Posted on Sep. 3, 2019

The Multistate Tax Commission’s voting structure — currently designed for compact members — could change under a proposal that would give sovereignty member states a say in the organization’s top-level decisions and direction.

MTC Deputy Executive Director Marshall Stranburg came up with a method for providing sovereignty member states with what he calls a meaningful vote in the organization while staying within the parameters of the Multistate Tax Compact. He and Executive Director Greg Matson over the past year developed the proposal, which would take the form of amendments to the MTC’s bylaws.

The upshot is that a double majority — that is, a two-tiered test — would be required for passage of any regular, uniformity, or financial item before the Executive Committee or before the organization as a whole.

Matson and Stranburg provided an overview of the proposal to the Strategic Planning Committee at the MTC’s annual meeting in Boise, Idaho. Matson also circulated a memo in which he provided several examples of voting under the proposed double majority requirement, including scenarios involving hypothetical increases in the number of states that are sovereignty members compared with those that are compact members. 
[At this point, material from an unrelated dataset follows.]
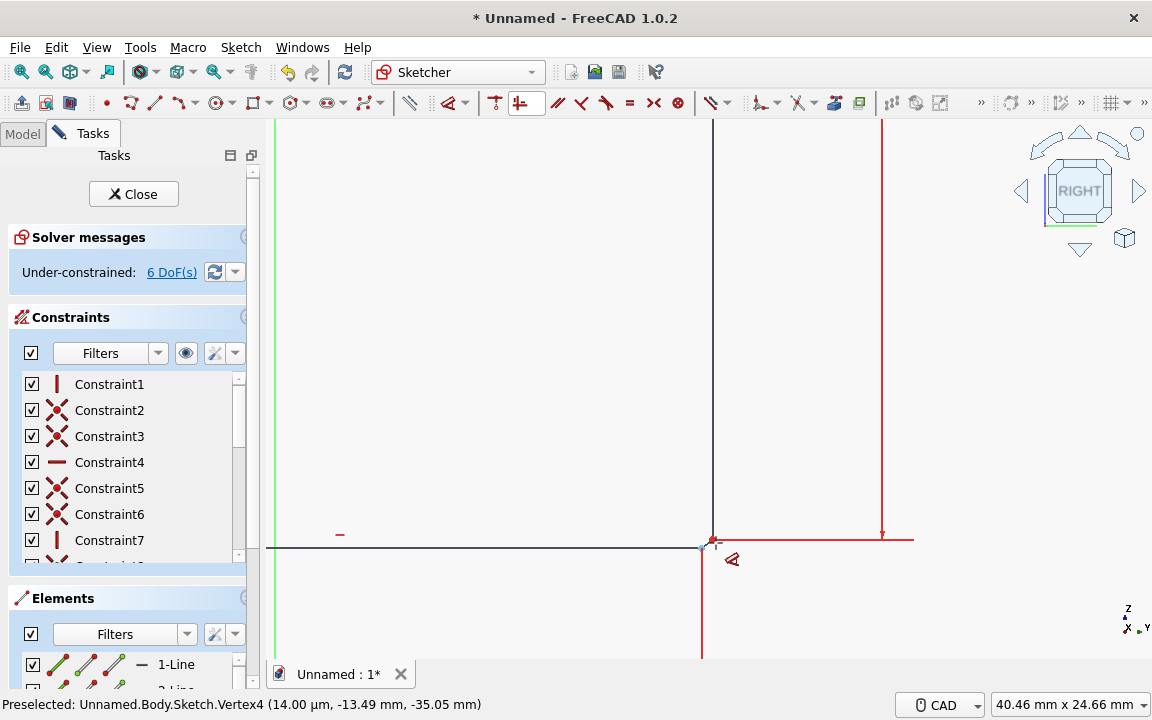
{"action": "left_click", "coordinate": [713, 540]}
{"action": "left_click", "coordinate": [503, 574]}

Here’s a simplified take on how it would work: As it does today, the Executive Committee would hold a vote on whether to approve an item, but unlike today, both compact and sovereignty member states would participate in that single vote.

The first consideration under the two-tiered test would mirror the MTC's current voting requirements. That is, a simple majority of compact states would be needed to approve regular items, while passage of uniformity proposals would require a 60 percent majority of compact states. Matson and Stranburg emphasized that no proposal failing to meet the required majority of compact states would pass. 
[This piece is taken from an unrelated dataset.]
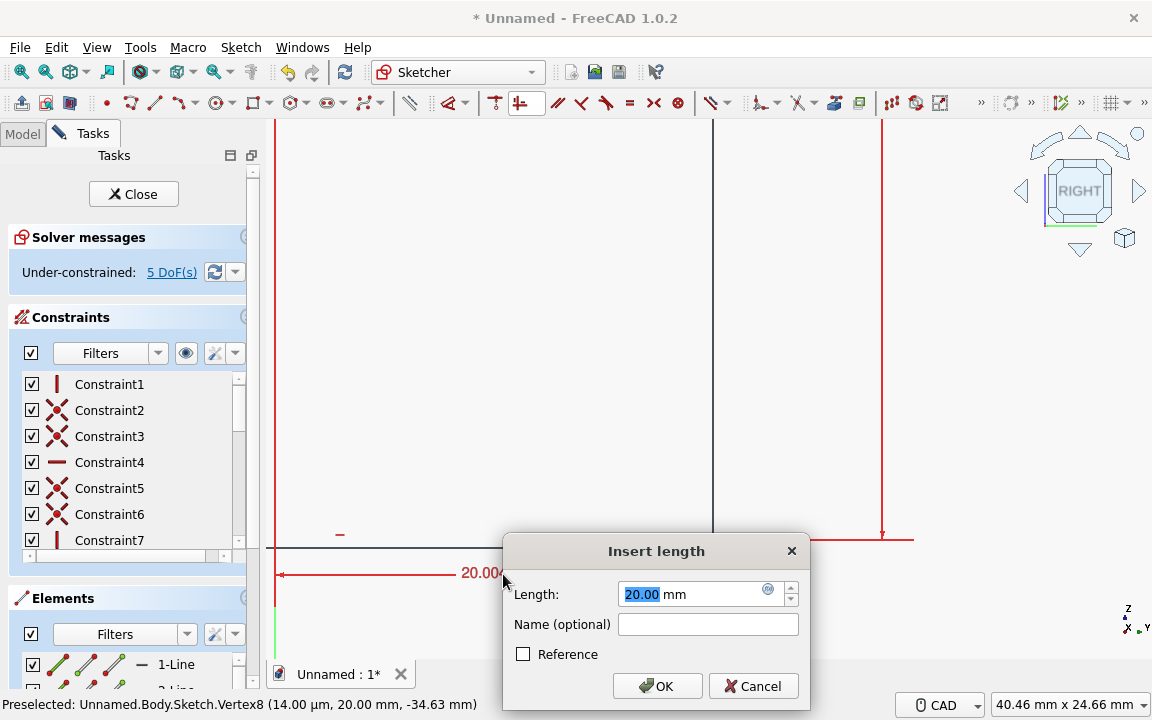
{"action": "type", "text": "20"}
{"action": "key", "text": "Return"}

But if a proposal cleared that first hurdle, then the second test for passage would kick in: A required majority of compact and sovereignty states combined must vote in its favor. If they don't, then the proposal would fail — even though the required majority of compact states had voted for its passage.

“That provides sovereignty states with a vote,” Matson said. “I think it’s particularly ingenious.”
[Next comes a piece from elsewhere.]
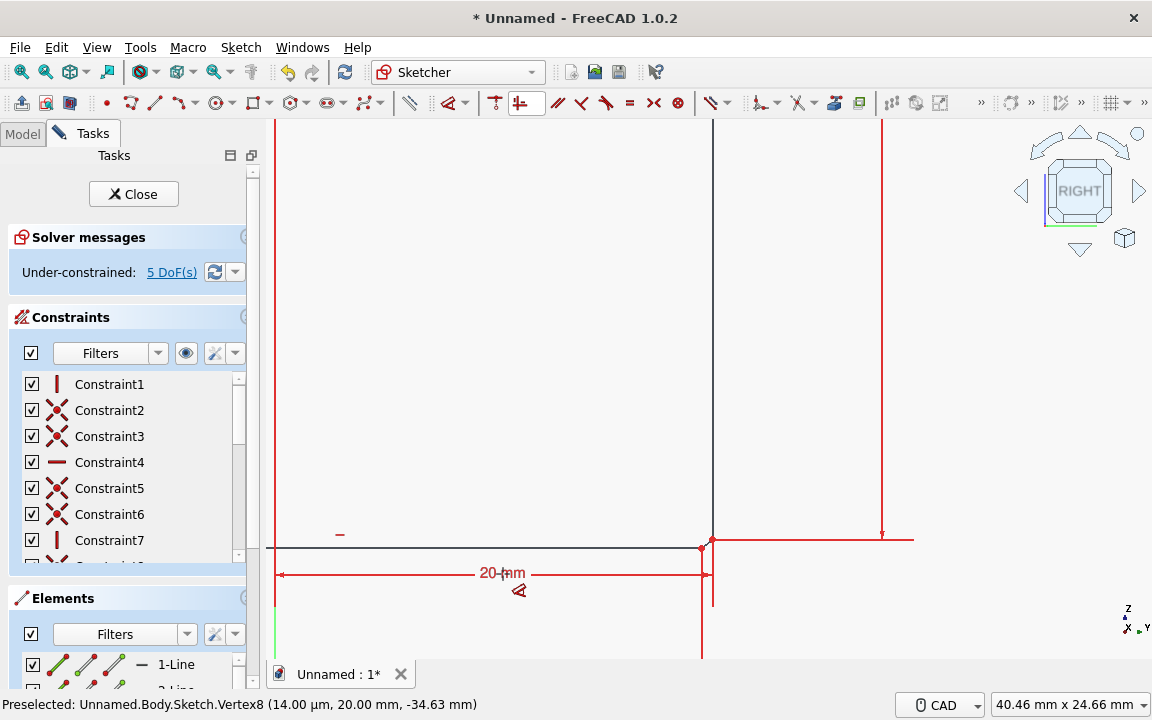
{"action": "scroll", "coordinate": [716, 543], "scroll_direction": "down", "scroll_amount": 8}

When pressed by Utah State Tax Commission Chair John Valentine, Stranburg declined to categorize the proposed role of the sovereignty states as a veto authority.

“We feel we are still in compliance with the terms of the compact, saying that the majority of our compact members have to be in favor of the proposal or approval of the budget,” Stranburg said. 

At the same time, Matson and Stranburg said they believe it’s important to find a way to formalize the input of sovereignty member states and to encourage additional states to participate and consider becoming sovereignty members. Given their financial contribution to the organization, sovereignty members ought to at least have a vote, Matson and Stranburg said.

Surprising Stats

Of the top five states contributing to the MTC’s general operational budget, four are sovereignty members, according to Matson.

First, a little background: The MTC currently has 16 compact members, which are jurisdictions that have adopted the compact. They are Alabama, Alaska, Arkansas, Colorado, the District of Columbia, Hawaii, Idaho, Kansas, Missouri, Montana, New Mexico, North Dakota, Oregon, Texas, Utah, and Washington.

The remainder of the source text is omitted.